La manifestazione ha inizio al mattino, con l'apertura al pubblico del Museo delle Contadinerie in cui sono raccolti tutti i principali attrezzi del mondo rurale di un tempo, oltre a reperti archeologici provenienti dall'area del castello. Il Museo è ospitato nella chiesetta di Santa Caterina, una bella costruzione cinquecentesca un tempo circondata dal cimitero e adibita nei secoli a sede della Confraternita dei Batù.
L'antica tradizione è ancora viva e dodici uomini di Montechiaro vestono la caratteristica divisa dei Flagellanti e dopo la messa delle ore 11, accompagnano la processione con la reliquia delle Sante Spine per le caratteristiche stradine lastricate in pietra del centro storico.

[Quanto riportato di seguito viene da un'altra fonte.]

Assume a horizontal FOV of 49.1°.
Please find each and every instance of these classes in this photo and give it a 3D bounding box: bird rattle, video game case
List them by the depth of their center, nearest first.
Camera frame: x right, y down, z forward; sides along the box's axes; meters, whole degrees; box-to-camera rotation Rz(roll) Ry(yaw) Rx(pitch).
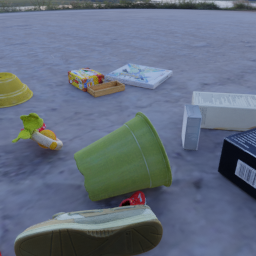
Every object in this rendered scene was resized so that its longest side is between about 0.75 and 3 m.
[{"bbox_3d":[-2.844,0.296,8.999,1.557,1.076,1.909,31,-11,-1],"label":"bird rattle"},{"bbox_3d":[0.654,-2.925,15.494,2.868,0.316,2.614,15,33,26],"label":"video game case"}]

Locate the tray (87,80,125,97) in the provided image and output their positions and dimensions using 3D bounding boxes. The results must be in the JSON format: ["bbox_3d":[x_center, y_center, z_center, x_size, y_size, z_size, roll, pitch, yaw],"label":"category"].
[{"bbox_3d":[-1.068,-1.930,13.738,1.687,0.312,0.832,-17,33,-29],"label":"tray"}]

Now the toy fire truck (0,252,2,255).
[{"bbox_3d":[-2.907,3.129,4.268,1.893,0.654,2.684,-10,31,-18],"label":"toy fire truck"}]

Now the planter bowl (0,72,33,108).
[{"bbox_3d":[-5.794,-1.909,12.929,2.545,1.060,2.545,0,28,0],"label":"planter bowl"}]

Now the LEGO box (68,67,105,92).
[{"bbox_3d":[-2.158,-2.526,14.446,1.237,0.641,1.661,-21,35,-33],"label":"LEGO box"}]

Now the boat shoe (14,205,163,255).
[{"bbox_3d":[-0.765,2.128,5.770,2.896,1.056,0.911,-6,20,-14],"label":"boat shoe"}]

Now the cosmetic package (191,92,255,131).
[{"bbox_3d":[3.837,-0.640,10.703,2.747,0.976,1.445,5,30,10],"label":"cosmetic package"}]

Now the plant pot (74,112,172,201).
[{"bbox_3d":[-0.244,0.908,7.182,2.001,2.107,2.107,-21,34,-12],"label":"plant pot"}]

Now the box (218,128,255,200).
[{"bbox_3d":[3.919,0.958,7.554,1.974,1.244,2.008,-15,32,-25],"label":"box"}]

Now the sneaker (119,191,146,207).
[{"bbox_3d":[0.076,1.857,6.702,0.464,0.512,1.205,16,33,26],"label":"sneaker"}]

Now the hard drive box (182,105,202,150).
[{"bbox_3d":[2.106,-0.033,9.363,0.472,1.228,0.957,4,30,5],"label":"hard drive box"}]

Quest'anno si ripeterà la partecipazione straordinaria della Confraternita di San Pietro e del Gruppo Storico di Ferrania, che rievocheranno, prima della messa delle ore 11, il trasporto della reliquia delle Sante Spine a Montechiaro. Saranno inoltre presenti le Confraternite di Cassinelle, di Terzo e di altri paesi della zona ed il Corpo Bandistico Cassinese "Francesco Solia", dal maestro Stefano Oddone. Alle ore 12 circa, arrivo della minimaratona e premiazione dei migliori classificati nelle diverse categorie.
Il pomeriggio è dedicato all'allegria e al divertimento oltre che, naturalmente, alla gastronomia, senza dimenticare però la cultura e il folclore. Presso l'attrezzata e funzionale area turistica realizzata con il contributo dell'Unione Europea e con il concorso di Comune, Comunità Montana "Alta Valle Orba Erro Bormida di Spigno" e Pro Loco (presto sarà disponibile il nuovo ostello della gioventù, mentre è già completa la copertura in ferro battuto della pista da ballo) si potrà assistere a dimostrazioni e vendita di prodotti tipici. A partire dalle ore 15,30 la Pro Loco darà il via alla distribuzione dei panini con le acciughe, accompagnati naturalmente dal buon vino delle colline di Montechiaro.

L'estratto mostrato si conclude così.